I would be happy to consider aftermarket if I could find one. Most outfits make HX, and oil trans coolers, but not AC


SMX is developing one, but having trouble with the quality of the castings..
 
Depending on your use why not bypass it? 99% of my operations are without any boost, so the input air temperature and output temperature are not much different and a lot of the time it is cold enough the air heater doesn’t shut off (that’s why I pulled the fuse on it). I talked with my diesel guy and he didn’t think it was a bad idea and wouldn’t hesitate to do it as long as you kept out of the turbo. I always keep that in the back of my mind if that happens to my aftercooler while waiting for a replacement.

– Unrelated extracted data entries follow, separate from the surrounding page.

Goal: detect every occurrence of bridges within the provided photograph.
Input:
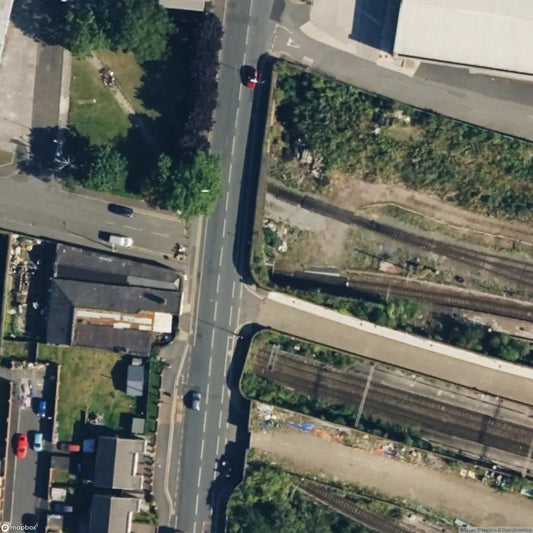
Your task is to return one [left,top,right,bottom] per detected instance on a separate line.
[268,291,533,407]
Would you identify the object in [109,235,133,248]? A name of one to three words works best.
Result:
vehicle
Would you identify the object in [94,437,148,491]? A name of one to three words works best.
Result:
house
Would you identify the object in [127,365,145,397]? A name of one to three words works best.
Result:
shed
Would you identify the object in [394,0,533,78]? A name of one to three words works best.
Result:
building
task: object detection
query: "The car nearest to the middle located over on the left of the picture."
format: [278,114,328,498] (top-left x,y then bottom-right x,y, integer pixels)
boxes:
[153,333,174,346]
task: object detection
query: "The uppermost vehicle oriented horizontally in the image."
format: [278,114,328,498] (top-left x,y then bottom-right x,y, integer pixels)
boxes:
[108,204,133,216]
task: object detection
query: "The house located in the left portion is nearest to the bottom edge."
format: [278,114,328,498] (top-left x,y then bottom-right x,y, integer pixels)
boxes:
[89,496,143,533]
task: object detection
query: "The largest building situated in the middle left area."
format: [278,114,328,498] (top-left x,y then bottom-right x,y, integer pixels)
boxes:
[47,243,185,355]

With your Hinckley that probably means running at hull speed, but gets you on the water until you get a replacement. I run my 6CTA at 1200-1400 rpm which gets me 7-8 knots. The only time I get into the turbo is to verify the cooling system is working correctly.

Tom


Not a terrible idea at all, but I moved to this boat specifically so that I can get 10-12 knots when I want it...
 
I don't know Cummins well, but there are new and used aftercoolers on ebay.

Check www.alibaba.com
Many Cummins parts and some complete engines are made in China. Probably why the long wait.
 
Not a terrible idea at all, but I moved to this boat specifically so that I can get 10-12 knots when I want it...

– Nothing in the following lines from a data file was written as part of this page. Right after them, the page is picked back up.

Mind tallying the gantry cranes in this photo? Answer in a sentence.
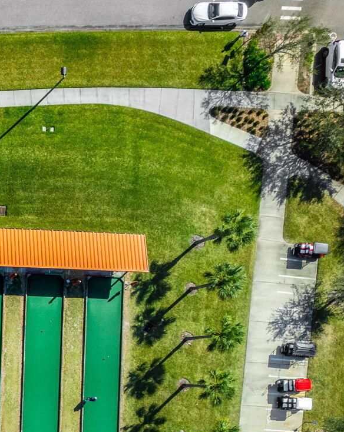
I count no gantry cranes.
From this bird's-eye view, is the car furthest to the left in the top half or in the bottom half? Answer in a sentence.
Seen from above, the car furthest to the left lies in the top half of the view.
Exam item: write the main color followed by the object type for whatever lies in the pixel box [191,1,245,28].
white car

I had to bypass an after cooler a few tears ago for about one month. The 6C after cooler adds about 15% of the last HP as turbo boost climbs above 15 psi or so.

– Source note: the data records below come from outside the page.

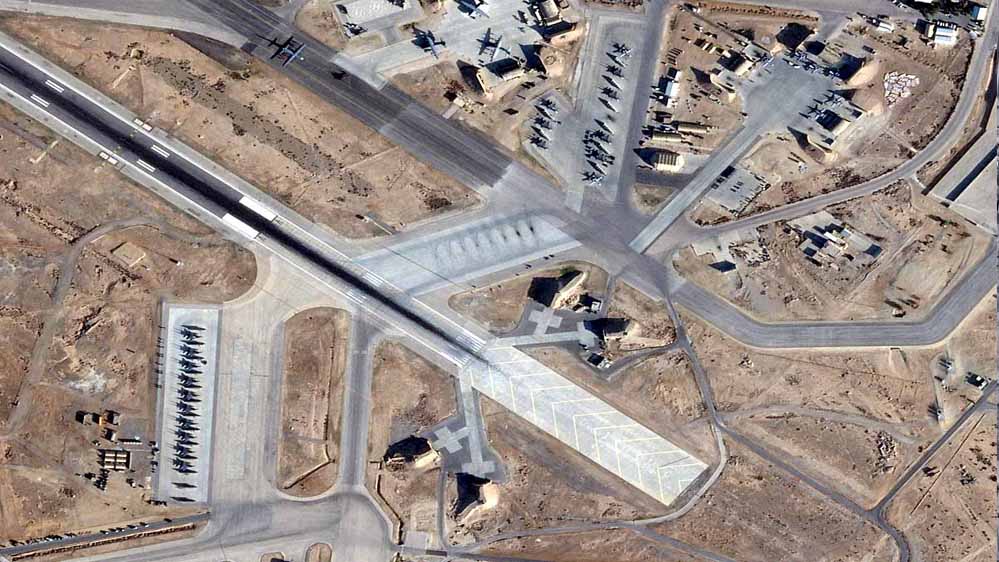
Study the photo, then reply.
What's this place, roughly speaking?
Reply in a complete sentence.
This image shows an airport.
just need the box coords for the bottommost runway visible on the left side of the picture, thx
[253,217,489,374]
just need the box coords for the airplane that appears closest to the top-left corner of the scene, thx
[281,43,302,68]
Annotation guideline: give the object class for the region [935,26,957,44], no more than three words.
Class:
building
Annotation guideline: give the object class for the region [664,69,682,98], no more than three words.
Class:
building

By keeping your boost low, monitor the EGTs and shoot each cylinder exhaust with an IR gun you should be easily able to keep the one engine running ok. Especially with the other engine as a template for comparison. Consult with SBar for the rationale of AC bypass as a check.

What are your thoughts as to the reasons for pitting and corrosion on the housing? A possibility is the PO doing an in place acid cleaning. Arcs idea on welding the housing is another SBar check, maybe they've done it before.
 
I had to bypass an after cooler a few tears ago for about one month. The 6C after cooler adds about 15% of the last HP as turbo boost climbs above 15 psi or so.

By keeping your boost low, monitor the EGTs and shoot each cylinder exhaust with an IR gun you should be easily able to keep the one engine running ok. Especially with the other engine as a template for comparison. Consult with SBar for the rationale of AC bypass as a check.

What are your thoughts as to the reasons for pitting and corrosion on the housing? A possibility is the PO doing an in place acid cleaning. Arcs idea on welding the housing is another SBar check, maybe they've done it before.


Well, I only have the one engine. The pitting and corrosion I suspect is from lack of maintenance and attention from the PO on a 25 year old AC. It is possible it was over zealously cleaned at some point. In the records there was some corrosion reference of the AC and HX about 10 years ago. I have fixed it for the future in two ways, first I disassemble and relube (with Tony's ALCO metal lube) AC/HX every two years, not a terrible job once you pull them out. Second, I put SBMARs SMX freshwater flush caps on the groco strainers. This is new for me, so I am very interested to see how it works over time.


I will ask SBMAR about the welding option, but they didn't mention during my last call to them.


Thx

 
I put SBMARs SMX freshwater flush caps on the groco strainers. This is new for me, so I am very interested to see how it works over time.




I'm lucky, Tony and SBMAR are my neighbors. I added fresh water flush to both my Diamond 450's three years ago. They still look new inside. Just changing zincs at this point. I flush EVERY time I run the engines.
 
I'm lucky, Tony and SBMAR are my neighbors. I added fresh water flush to both my Diamond 450's three years ago. They still look new inside. Just changing zincs at this point. I flush EVERY time I run the engines.


This is great to hear. Do you just connect a FW hose and run it for a few minutes? I heard caution might be needed with pressurized water, so I was considering a gravity feed of about 5 gallons FW after each use.